◆ Exercise description ◆
Here the job is to copy the data exactly and to exclude every image from it.

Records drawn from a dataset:
--- --- ---

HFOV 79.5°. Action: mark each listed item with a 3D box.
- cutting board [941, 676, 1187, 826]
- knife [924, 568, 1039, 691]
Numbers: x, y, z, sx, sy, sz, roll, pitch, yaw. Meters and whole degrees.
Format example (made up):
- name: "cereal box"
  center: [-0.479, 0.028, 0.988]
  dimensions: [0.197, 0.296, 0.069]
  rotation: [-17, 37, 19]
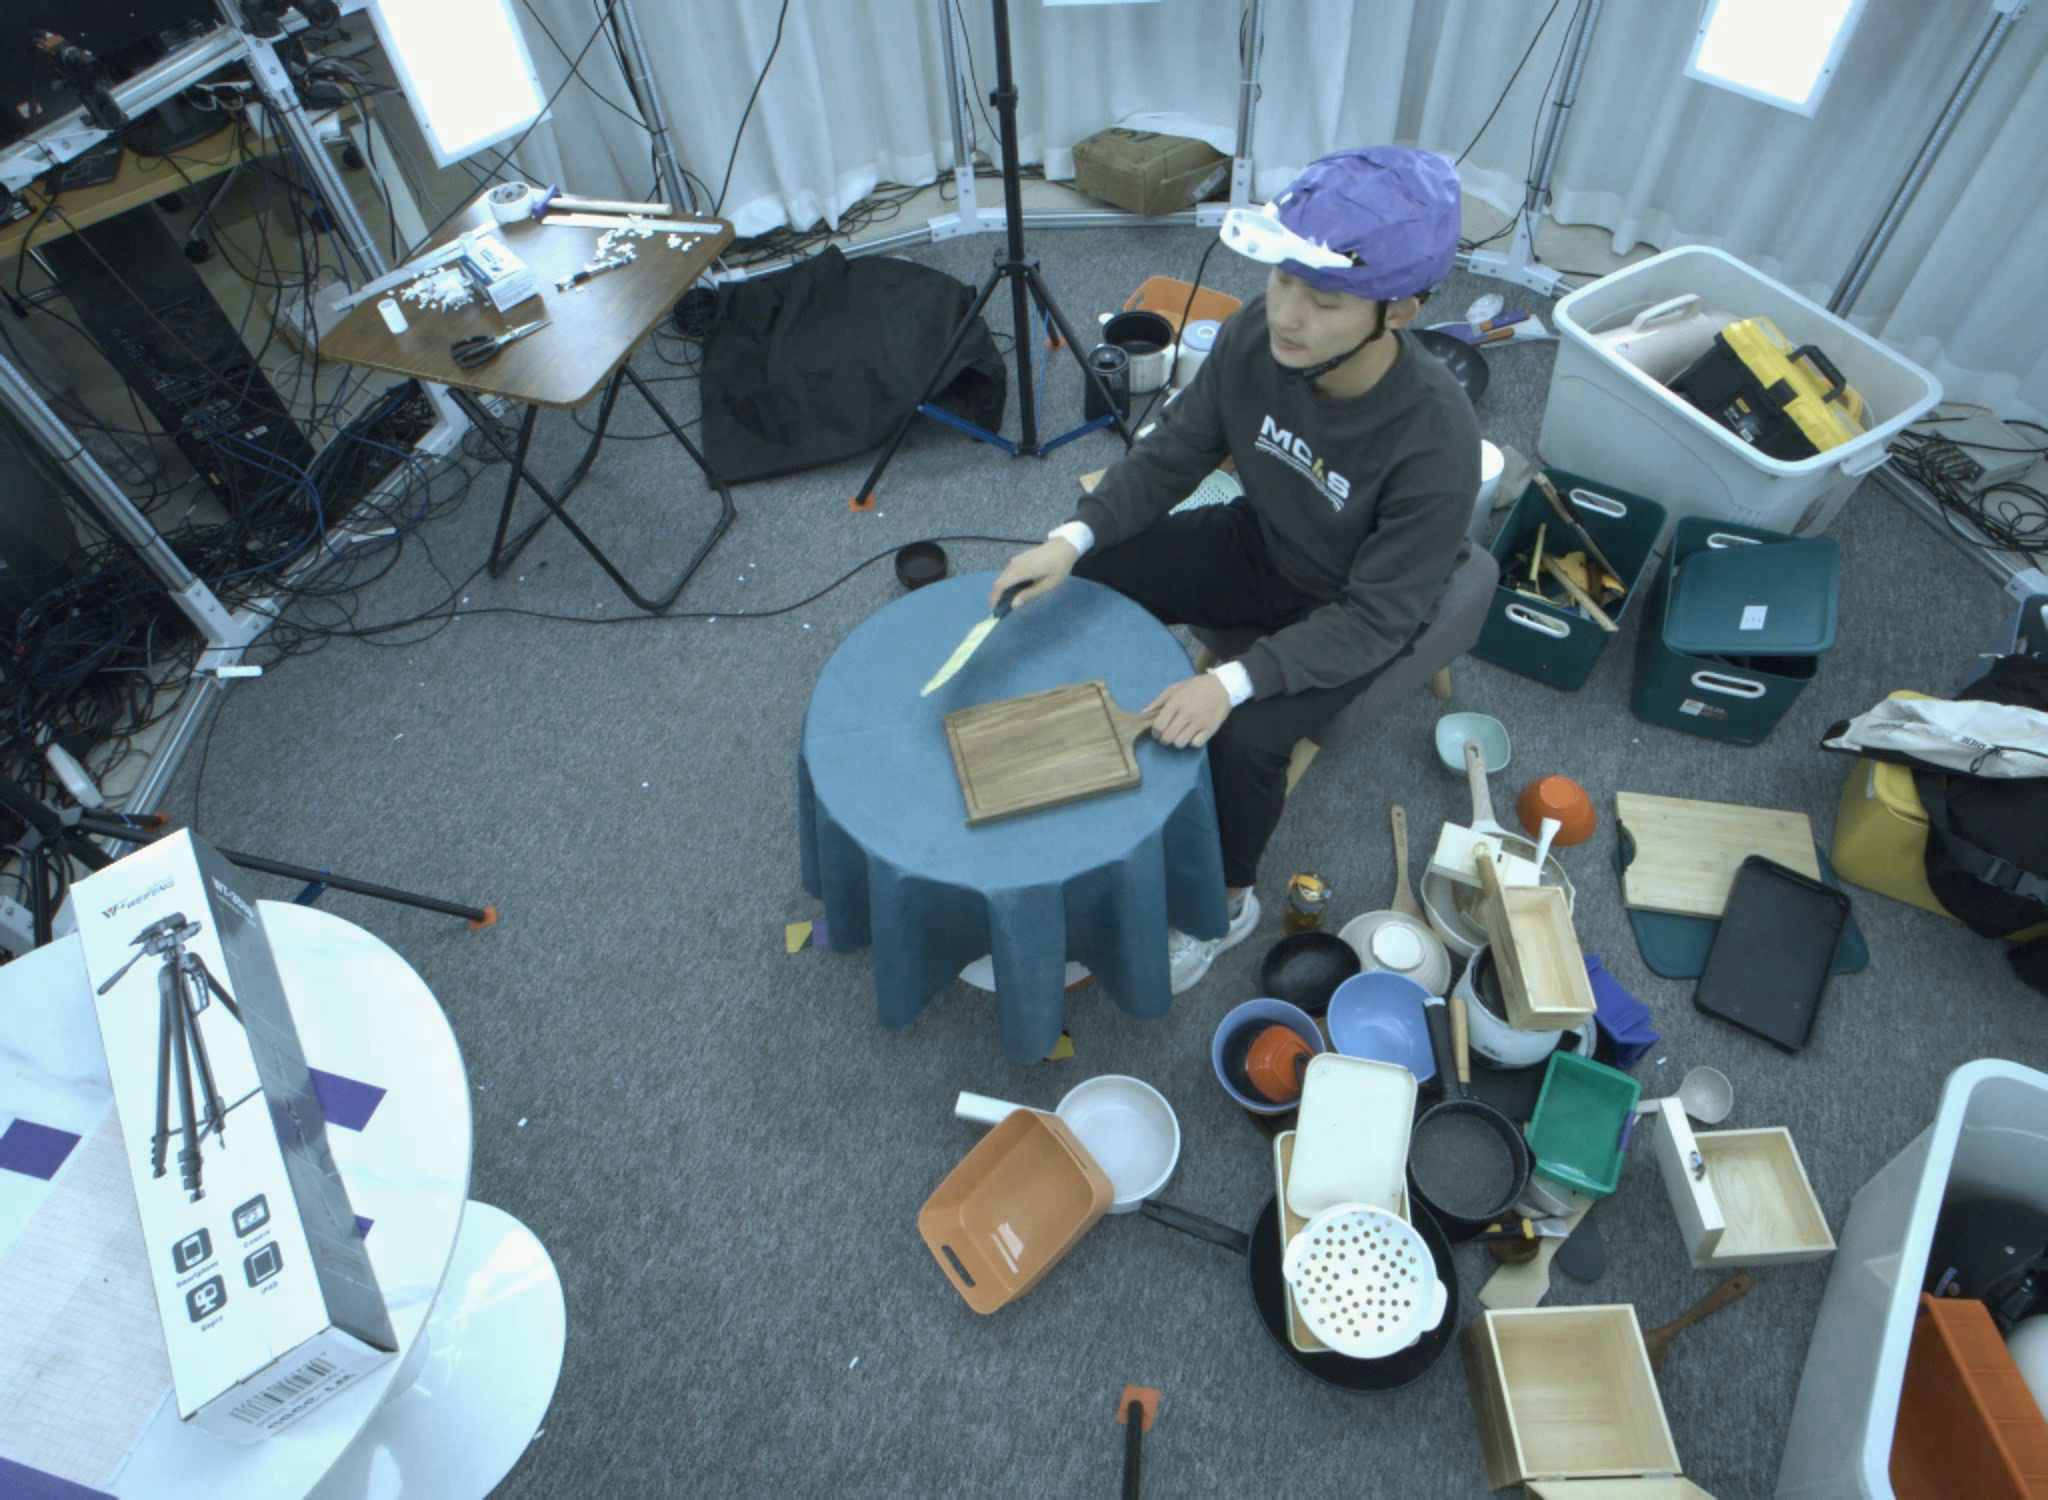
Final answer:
- name: "cutting board"
  center: [0.070, -0.014, 1.790]
  dimensions: [0.354, 0.023, 0.198]
  rotation: [-14, 56, -8]
- name: "knife"
  center: [-0.065, -0.183, 1.856]
  dimensions: [0.079, 0.027, 0.291]
  rotation: [-11, 33, 52]

--- --- ---

◆ Result ◆
HFOV 79.5°. Action: mark each listed item with a 3D box.
- cutting board [941, 676, 1187, 826]
- knife [924, 568, 1039, 691]
Numbers: x, y, z, sx, sy, sz, roll, pitch, yaw. Meters and whole degrees.
Format example (made up):
- name: "cereal box"
  center: [-0.479, 0.028, 0.988]
  dimensions: [0.197, 0.296, 0.069]
  rotation: [-17, 37, 19]
Final answer:
- name: "cutting board"
  center: [0.070, -0.014, 1.790]
  dimensions: [0.354, 0.023, 0.198]
  rotation: [-14, 56, -8]
- name: "knife"
  center: [-0.065, -0.183, 1.856]
  dimensions: [0.079, 0.027, 0.291]
  rotation: [-11, 33, 52]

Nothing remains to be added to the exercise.